Goal of the exercise:
Exactly the lines below from the one with "#3 soda box from (124, 313) to (428, 466)" up to and including the one with "#8 sneaker from (175, 178) to (447, 346)" make up the answer, with nothing else added.

Records for processing:

***

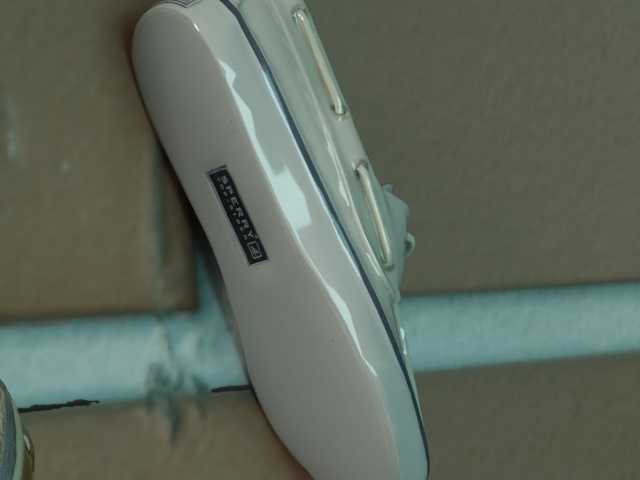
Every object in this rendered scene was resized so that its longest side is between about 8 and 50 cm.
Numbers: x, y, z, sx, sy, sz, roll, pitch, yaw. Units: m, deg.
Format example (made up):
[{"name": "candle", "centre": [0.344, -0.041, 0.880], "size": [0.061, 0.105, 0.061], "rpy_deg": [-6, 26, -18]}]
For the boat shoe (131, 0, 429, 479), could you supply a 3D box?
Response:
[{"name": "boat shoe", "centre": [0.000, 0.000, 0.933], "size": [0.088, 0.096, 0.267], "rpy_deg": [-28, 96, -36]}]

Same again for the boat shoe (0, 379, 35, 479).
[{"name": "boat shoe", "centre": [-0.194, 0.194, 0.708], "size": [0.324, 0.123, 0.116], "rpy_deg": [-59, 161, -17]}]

***

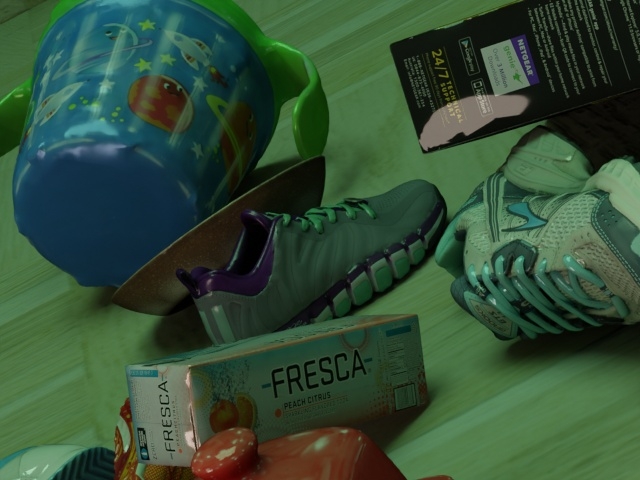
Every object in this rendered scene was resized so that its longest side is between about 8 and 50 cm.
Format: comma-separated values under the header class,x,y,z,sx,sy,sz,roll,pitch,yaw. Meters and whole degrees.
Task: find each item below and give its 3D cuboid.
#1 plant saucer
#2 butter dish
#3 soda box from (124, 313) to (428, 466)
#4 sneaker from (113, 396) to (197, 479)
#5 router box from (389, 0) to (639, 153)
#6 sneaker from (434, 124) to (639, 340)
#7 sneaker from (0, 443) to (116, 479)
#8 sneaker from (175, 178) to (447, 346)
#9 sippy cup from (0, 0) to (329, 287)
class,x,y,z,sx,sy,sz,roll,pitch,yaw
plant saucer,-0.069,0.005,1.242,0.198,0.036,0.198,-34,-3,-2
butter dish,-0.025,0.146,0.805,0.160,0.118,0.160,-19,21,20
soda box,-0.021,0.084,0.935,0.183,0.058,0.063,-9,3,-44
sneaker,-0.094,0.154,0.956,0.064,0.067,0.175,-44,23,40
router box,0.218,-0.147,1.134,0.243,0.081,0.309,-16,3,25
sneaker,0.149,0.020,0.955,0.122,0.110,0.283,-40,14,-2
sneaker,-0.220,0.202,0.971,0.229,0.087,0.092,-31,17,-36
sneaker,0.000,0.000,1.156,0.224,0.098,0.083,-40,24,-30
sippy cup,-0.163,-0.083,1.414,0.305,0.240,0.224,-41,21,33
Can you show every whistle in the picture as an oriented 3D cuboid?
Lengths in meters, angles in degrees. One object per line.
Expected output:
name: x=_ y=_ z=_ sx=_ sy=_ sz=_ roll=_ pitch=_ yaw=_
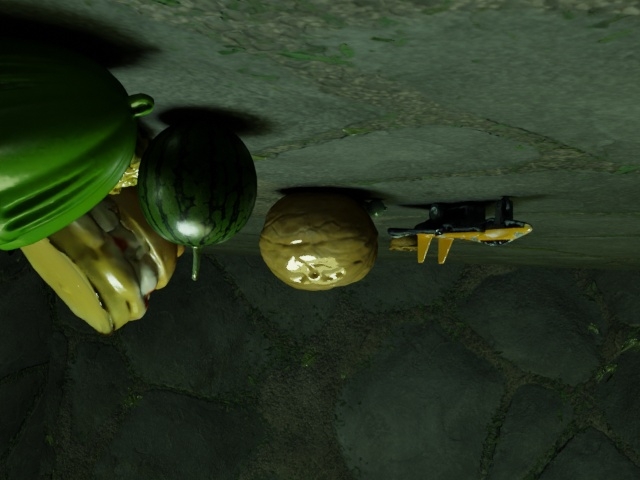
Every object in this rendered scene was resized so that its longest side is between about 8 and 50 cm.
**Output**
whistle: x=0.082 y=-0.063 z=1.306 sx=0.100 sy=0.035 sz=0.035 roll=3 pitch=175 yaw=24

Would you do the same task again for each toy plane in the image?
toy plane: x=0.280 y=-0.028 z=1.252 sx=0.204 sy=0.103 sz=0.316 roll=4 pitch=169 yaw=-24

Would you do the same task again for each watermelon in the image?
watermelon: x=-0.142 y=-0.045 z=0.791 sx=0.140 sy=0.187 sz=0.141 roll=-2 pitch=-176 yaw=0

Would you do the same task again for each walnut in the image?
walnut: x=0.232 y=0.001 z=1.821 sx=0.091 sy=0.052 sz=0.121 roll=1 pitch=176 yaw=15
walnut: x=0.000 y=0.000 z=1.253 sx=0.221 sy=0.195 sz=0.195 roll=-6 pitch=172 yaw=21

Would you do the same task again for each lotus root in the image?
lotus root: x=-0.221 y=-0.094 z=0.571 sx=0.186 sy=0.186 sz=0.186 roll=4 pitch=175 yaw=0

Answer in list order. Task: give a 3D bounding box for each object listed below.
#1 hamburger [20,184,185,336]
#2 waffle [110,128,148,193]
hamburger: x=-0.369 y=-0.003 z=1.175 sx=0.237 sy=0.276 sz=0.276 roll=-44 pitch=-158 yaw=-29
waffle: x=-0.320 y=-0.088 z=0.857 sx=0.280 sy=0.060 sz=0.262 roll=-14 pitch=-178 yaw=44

***

Answer to this task:
#3 soda box from (124, 313) to (428, 466)
#4 sneaker from (113, 396) to (197, 479)
#5 router box from (389, 0) to (639, 153)
#6 sneaker from (434, 124) to (639, 340)
#7 sneaker from (0, 443) to (116, 479)
#8 sneaker from (175, 178) to (447, 346)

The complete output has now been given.